**GIVEN RECORDS**
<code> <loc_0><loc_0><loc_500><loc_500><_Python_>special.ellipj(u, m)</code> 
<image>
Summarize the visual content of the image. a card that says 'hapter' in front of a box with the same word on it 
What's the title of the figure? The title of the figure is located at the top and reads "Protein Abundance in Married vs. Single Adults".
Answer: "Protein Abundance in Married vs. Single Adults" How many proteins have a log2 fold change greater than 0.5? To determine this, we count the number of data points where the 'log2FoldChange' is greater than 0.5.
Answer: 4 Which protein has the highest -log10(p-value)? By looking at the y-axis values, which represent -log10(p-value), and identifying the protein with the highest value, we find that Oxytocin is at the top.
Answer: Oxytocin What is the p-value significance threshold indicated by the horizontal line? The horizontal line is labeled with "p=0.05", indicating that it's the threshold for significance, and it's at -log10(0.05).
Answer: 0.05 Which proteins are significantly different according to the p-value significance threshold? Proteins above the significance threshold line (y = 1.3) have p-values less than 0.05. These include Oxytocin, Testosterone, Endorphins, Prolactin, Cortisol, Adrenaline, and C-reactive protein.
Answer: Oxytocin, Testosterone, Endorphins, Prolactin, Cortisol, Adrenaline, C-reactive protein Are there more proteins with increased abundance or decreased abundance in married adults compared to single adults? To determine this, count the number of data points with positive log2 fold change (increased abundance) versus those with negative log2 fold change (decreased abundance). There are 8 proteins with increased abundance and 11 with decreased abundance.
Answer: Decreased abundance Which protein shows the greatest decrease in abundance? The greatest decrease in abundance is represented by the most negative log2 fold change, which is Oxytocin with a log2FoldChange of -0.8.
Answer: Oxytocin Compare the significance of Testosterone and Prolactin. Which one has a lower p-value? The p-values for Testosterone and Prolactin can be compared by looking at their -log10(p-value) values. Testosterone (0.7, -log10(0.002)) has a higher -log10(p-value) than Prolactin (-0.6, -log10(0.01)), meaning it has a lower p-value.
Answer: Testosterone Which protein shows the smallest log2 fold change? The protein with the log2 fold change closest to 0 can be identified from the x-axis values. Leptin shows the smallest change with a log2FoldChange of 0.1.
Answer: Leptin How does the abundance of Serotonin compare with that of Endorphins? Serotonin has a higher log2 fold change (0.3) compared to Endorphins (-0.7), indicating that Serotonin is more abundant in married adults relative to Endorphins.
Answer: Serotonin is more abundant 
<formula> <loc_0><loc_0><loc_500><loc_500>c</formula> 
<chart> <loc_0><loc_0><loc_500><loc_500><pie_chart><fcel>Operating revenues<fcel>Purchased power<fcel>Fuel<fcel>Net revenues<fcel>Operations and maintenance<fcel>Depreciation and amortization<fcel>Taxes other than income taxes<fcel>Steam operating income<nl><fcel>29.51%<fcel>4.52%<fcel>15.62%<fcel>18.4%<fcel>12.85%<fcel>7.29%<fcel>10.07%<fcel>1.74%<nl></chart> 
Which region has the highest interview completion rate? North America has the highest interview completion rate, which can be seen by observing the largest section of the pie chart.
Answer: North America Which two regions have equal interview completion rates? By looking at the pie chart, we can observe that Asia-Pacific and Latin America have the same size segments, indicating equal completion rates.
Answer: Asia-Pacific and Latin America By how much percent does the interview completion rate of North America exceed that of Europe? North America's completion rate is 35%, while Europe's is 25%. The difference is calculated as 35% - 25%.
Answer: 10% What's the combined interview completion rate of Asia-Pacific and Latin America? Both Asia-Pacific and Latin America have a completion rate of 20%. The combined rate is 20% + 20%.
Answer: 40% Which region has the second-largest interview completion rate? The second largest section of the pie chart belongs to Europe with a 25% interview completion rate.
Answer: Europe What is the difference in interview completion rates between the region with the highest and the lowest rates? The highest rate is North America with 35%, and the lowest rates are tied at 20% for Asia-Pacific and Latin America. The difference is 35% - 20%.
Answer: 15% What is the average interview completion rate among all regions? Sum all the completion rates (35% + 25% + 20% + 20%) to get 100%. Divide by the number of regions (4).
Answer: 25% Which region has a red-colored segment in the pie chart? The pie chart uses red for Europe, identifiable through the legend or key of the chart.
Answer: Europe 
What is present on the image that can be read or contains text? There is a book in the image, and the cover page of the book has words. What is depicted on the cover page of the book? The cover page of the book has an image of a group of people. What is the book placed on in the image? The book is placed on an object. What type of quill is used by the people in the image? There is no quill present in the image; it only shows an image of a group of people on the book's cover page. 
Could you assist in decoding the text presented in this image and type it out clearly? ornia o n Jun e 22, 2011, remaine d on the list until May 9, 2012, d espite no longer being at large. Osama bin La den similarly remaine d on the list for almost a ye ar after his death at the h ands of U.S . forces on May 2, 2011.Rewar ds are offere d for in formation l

**WORK INSTRUCTIONS**
Reading down the material above, count how many lines contain the word "largest". Respond with the number by itself.

**RESULT BELOW**
2